Task brief: Print the data below exactly, but only the lines from the one containing "Please provide a" down to the one containing "The green shiny cylinder has", inclusive.

Input material:
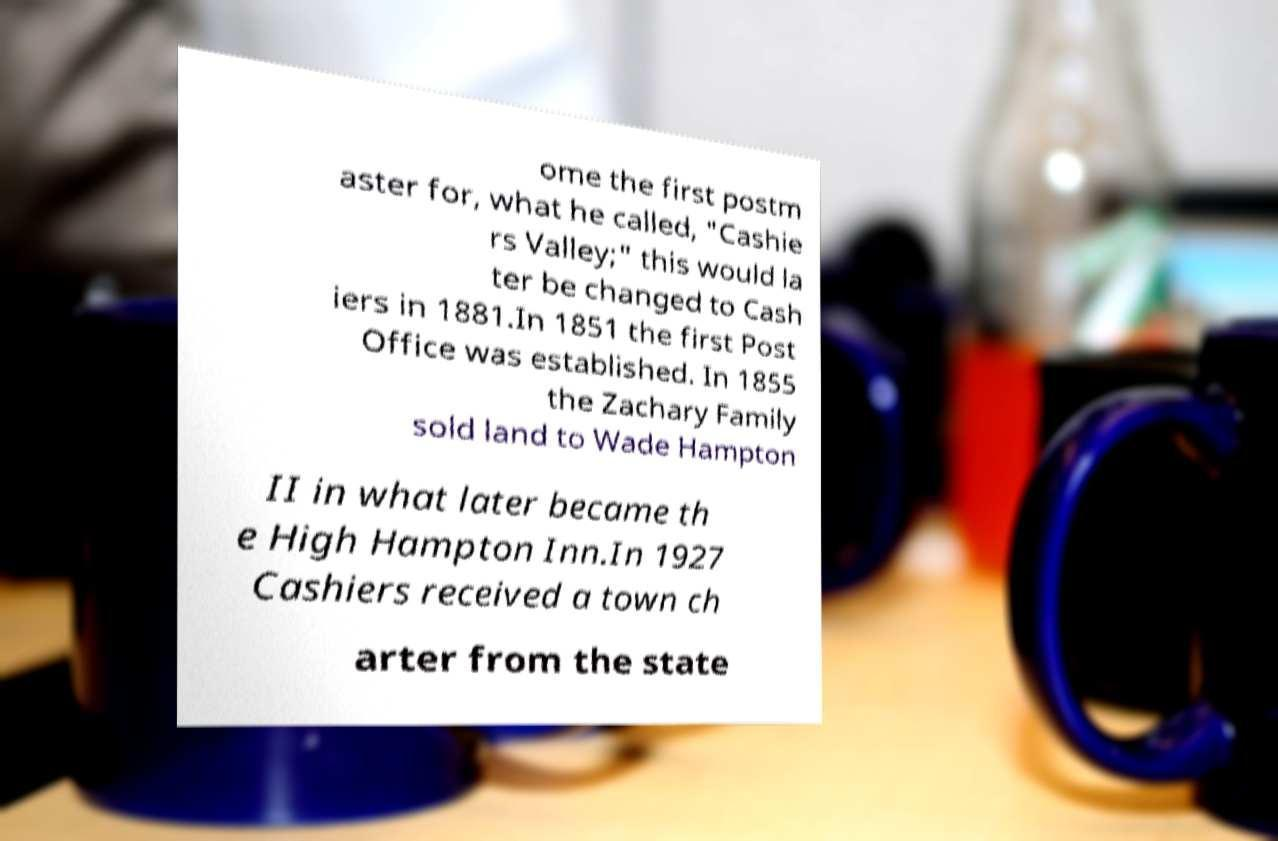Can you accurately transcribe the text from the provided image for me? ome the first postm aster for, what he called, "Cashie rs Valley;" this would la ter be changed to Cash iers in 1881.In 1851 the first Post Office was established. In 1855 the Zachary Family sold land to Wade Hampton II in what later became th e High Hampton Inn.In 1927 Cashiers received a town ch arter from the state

--

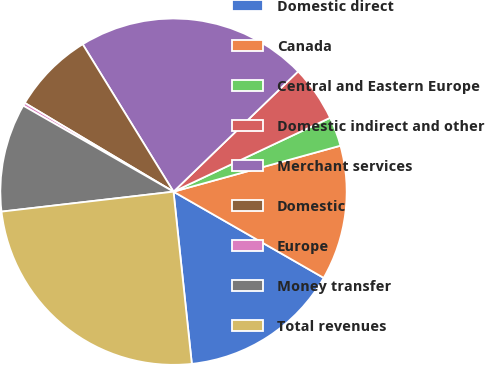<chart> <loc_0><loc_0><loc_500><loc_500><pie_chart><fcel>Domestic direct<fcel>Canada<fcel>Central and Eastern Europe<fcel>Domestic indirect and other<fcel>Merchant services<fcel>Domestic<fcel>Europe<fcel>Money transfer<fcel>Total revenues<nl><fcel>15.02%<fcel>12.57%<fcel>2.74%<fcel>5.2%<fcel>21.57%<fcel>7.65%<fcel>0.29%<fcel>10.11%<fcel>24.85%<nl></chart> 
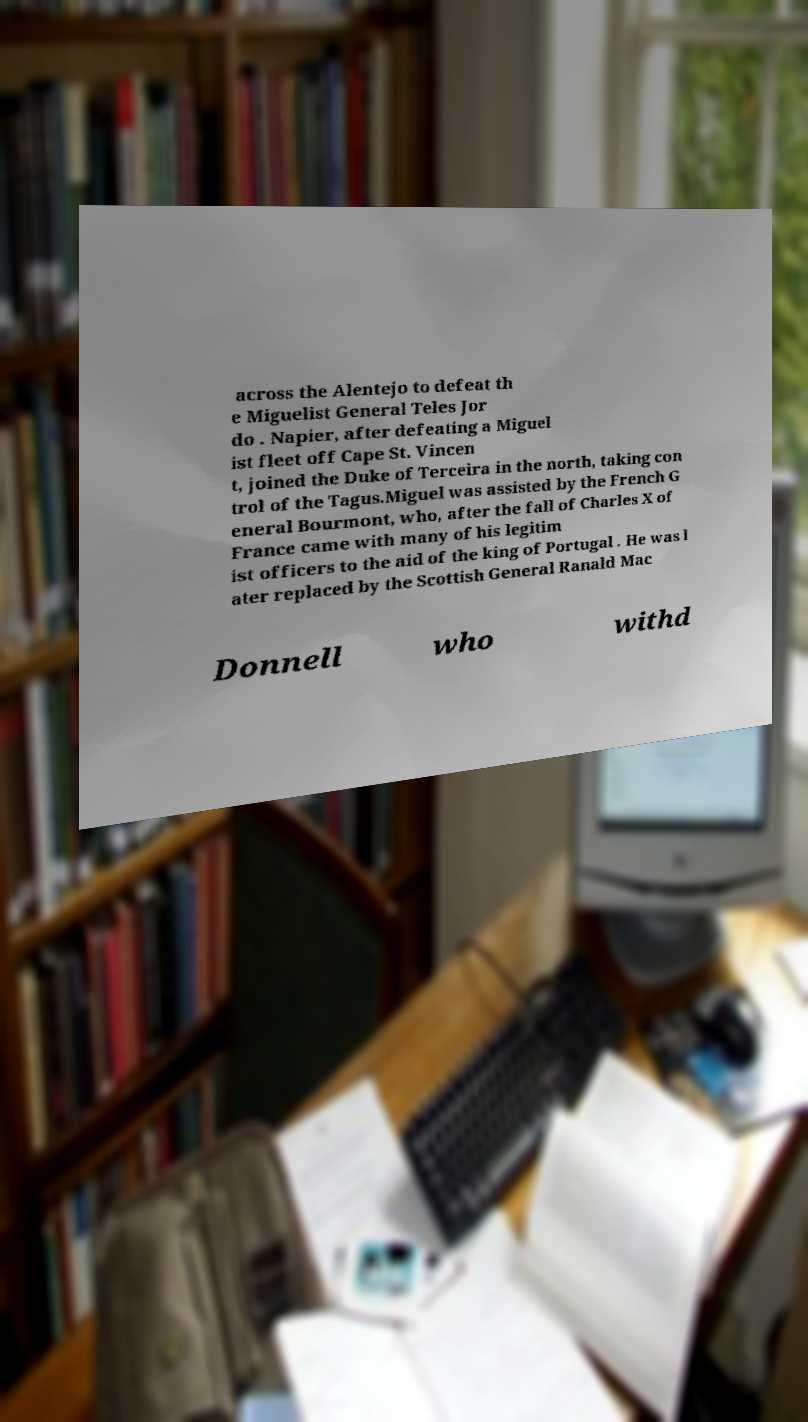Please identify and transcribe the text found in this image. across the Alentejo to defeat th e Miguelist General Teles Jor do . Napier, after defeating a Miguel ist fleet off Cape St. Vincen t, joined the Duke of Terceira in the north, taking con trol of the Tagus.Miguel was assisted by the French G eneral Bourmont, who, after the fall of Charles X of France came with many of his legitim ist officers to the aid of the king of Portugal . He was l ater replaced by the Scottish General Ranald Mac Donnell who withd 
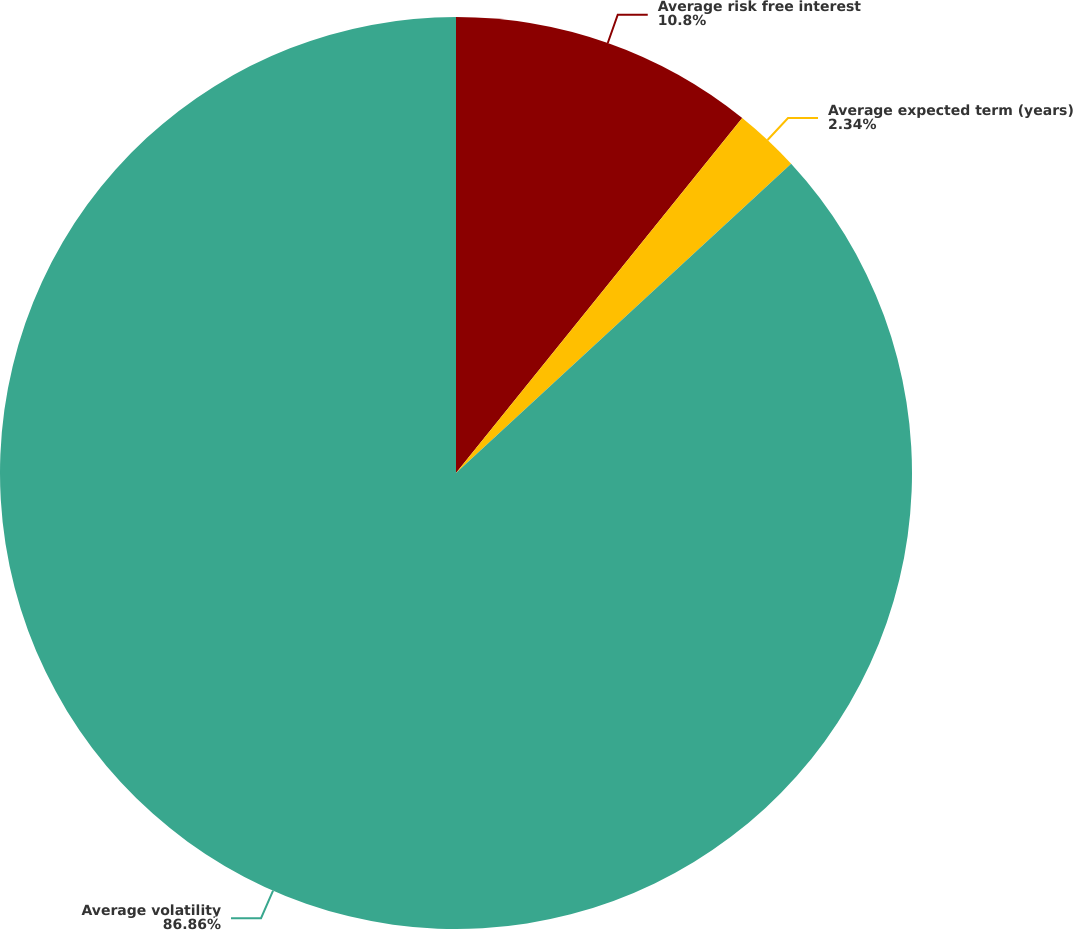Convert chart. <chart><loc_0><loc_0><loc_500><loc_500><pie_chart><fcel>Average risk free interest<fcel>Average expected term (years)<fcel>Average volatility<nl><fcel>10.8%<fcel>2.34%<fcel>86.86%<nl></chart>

---

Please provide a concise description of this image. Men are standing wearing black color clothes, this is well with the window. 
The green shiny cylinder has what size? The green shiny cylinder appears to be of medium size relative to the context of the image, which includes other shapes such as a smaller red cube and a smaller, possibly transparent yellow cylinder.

Solution to the exercise:
Please provide a concise description of this image. Men are standing wearing black color clothes, this is well with the window. 
The green shiny cylinder has what size? The green shiny cylinder appears to be of medium size relative to the context of the image, which includes other shapes such as a smaller red cube and a smaller, possibly transparent yellow cylinder.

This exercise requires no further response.